ドミノは、今まで手放すことのなかった墓守の記録手帳と首から下げる鍵を、神の座席へと置いた。

「ふむ。では、手を神の席に」

ドミノは左手を、ドムはドミノを真似て右手を神の座席に置き重ねた。

「ドムよ。君は君のまま……信じるままに生きなさい。これから沢山の苦悩や困難、悲しい事や辛い事があるかもしれん。しかし。それと同時に楽しい事、嬉しい事、笑顔になる事も必ずある。1人で全て解決しようとせんでくれ」

ドムはラルーの丸い目を見つめた。
その目はとても優しかったが、ドムには悲しそうに見えた。

「もし、誰にも言えん自分でどうすればいい分からん時は、この手帳に思いのまま綴れば良い。そうすれば、きっとこれまでの墓守が答えを教えてくれる。よいか?」

ラルーはドムに念を押しその目をまっすぐに見つめた。
ドムはドミノの顔を見る。
ドミノは優しい表情でゆっくりとうなづいた。

「はい」

ドムの言葉は、風を集めた。

「よし。では皆ここに」

8匹の柱は神の座席に体を預けた。
風がドミノとドムの周りを駆け抜ける。

墓守しか開くことのできない手帳は風に煽られ、パラパラとめくれはじめた。
ラルーは手帳に手を置いた。

手帳の表紙が開き、カチカチと音が響き始める。
ドムはその様子を目を丸くして見つめ続けた。

ドウドウが記した言葉の列が音を立てて移動し、1つの文章を作り上げる。

【愛しい我が子供達。1人ではない、我がいる。常に我々が側にいる】

それは、墓守の手帳がドムに語りかけている様だった。

【夢は眠る時、周りが見えない。その暗闇の側には常に我々がいる事を忘れないでほしい。その暗闇にもかつての夢があった事を】

文字は踊り、最後に綺麗な光の模様となって止まった。

「ドムは手帳に歓迎されとる。
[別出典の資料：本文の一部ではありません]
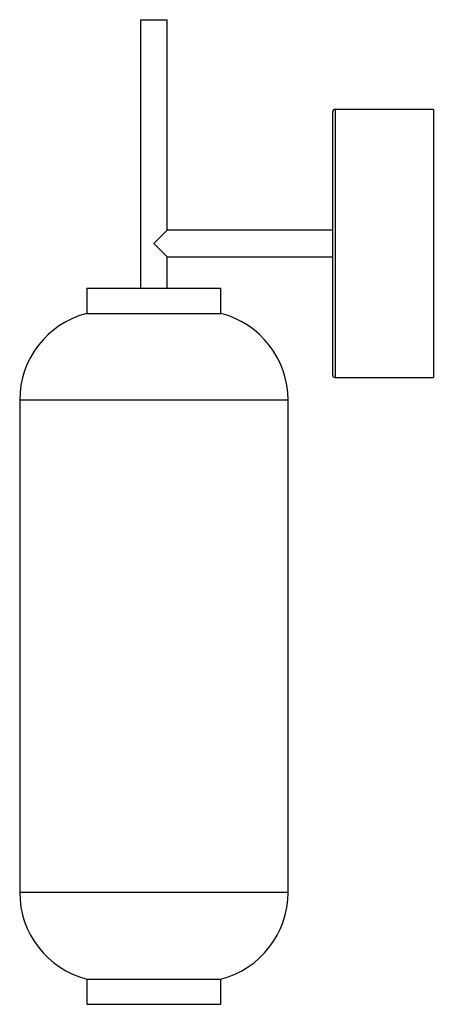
# Paper-space layout '_Izquierda' of a CAD drawing. Header units: inches. Extents: x -2.4 to 4.9, y -0.4 to 16.9.
import ezdxf

# ---------------------------------------------------------------- set-up
doc = ezdxf.new("R2010")
doc.units = ezdxf.units.IN
doc.header["$MEASUREMENT"] = 0

psp = doc.layouts.new('_Izquierda')

# ---------------------------------------------------------------- linework, layer by layer
at = {"color": 7, "linetype": 'Continuous', "lineweight": 25}
for p, q in [((-0.236, 16.929), (-0.236, 12.205)), ((-0.236, 16.929), (0.236, 16.929)), ((0.236, 13.228), (0.236, 16.929)), ((3.15, 10.671), (3.15, 15.313)), ((4.92, 15.352), (3.189, 15.352)), ((3.189, 15.352), (3.189, 10.632)), ((4.92, 15.352), (4.92, 10.632)), ((0, 12.992), (0.236, 13.228)), ((3.15, 13.228), (0.236, 13.228)), ((0.236, 12.756), (0, 12.992)), ((0.236, 12.756), (3.15, 12.756)), ((0.236, 12.205), (0.236, 12.756)), ((-1.181, 12.205), (-1.181, 11.761)), ((-1.181, 12.205), (1.181, 12.205)), ((1.181, 11.761), (1.181, 12.205)), ((-1.181, 11.761), (1.181, 11.761)), ((3.189, 10.632), (4.92, 10.632)), ((-2.362, 10.236), (-2.362, 1.575)), ((2.362, 10.236), (-2.362, 10.236)), ((2.362, 1.575), (2.362, 10.236)), ((2.362, 1.575), (-2.362, 1.575)), ((-1.181, 0.05), (-1.181, -0.394)), ((-1.181, 0.05), (1.181, 0.05)), ((1.181, -0.394), (1.181, 0.05)), ((-1.181, -0.394), (1.181, -0.394))]:
    psp.add_line(p, q, dxfattribs=at)
for centre, radius, start, end in [((3.189, 15.313), 0.0394, 90, 180), ((-0.787, 10.236), 1.575, 104.4775, 180), ((0.787, 10.236), 1.575, 0, 75.5225), ((3.189, 10.671), 0.0394, 180, 270), ((-0.787, 1.575), 1.575, 180, 255.5225), ((0.787, 1.575), 1.575, 284.4775, 0)]:
    psp.add_arc(centre, radius, start, end, dxfattribs=at)

doc.saveas('drawing.dxf')

よかった」

ラルーの小さな言葉がドミノを安心へと導いた。

「では、この模様の上に手を」

ドムはゆっくりとその手帳に記された印に触れた。
途端、足のつま先から頭のてっぺんへ風が吹き抜けた。
背中に走る電気は、印をドムの体に記し始める。
身体中にその印が映り込むと、強く光を放ってそして消えた。

静まる空気。

ドミノは、自分の体から風が離れていくのを感じていた。
長かった18年の月日からようやく解放されたのだ。

風は止み、儀式は無事に終わりを告げた。
ドミノは体から力が抜けその場に崩れ膝をついた。
ドムは慌てて、倒れたドミノを支え、その顔を見た。
ドミノは神の座席に置いた鍵を、震えた手でドムの首にかけてやった。

「あとは……よろしくお願いします」

そう言ってドミノは目を閉じ倒れた。

「え? 兄さん! ヤダ!」

ドムは懸命にドミノを揺すった。
ドミノは目を開けることなく全身の力が抜けている。

「死んじゃヤダ! 兄さん!!」

慌てるドムの周りに他のカル達が近づいてきた。
しかし、その顔は心配とは程遠い笑いを堪えたものだった。
体の大きな火影がドミノを支え、

「ま、そう思うよな。俺だってびっくりしたもんだ」

そう言ってドミノの体を担ぎ上げ、部屋の隅へと移動するとそこに寝かせた。
ドムは泣き顔で周りの者を見た。

「大丈夫だよ。ちょっと寝てるだけ。やっと、深い眠りを取り戻しただけだよ」

そう言って、赤の王ラヴィがドムに近づき肩を抱く。

「ようこそ、第1の王の後継者。僕たちカルの仲間入りおめでとう」

霞む意識の中、ドミノはドムが皆に笑顔で迎えられた事を見届け、そして完全に意識を手放した。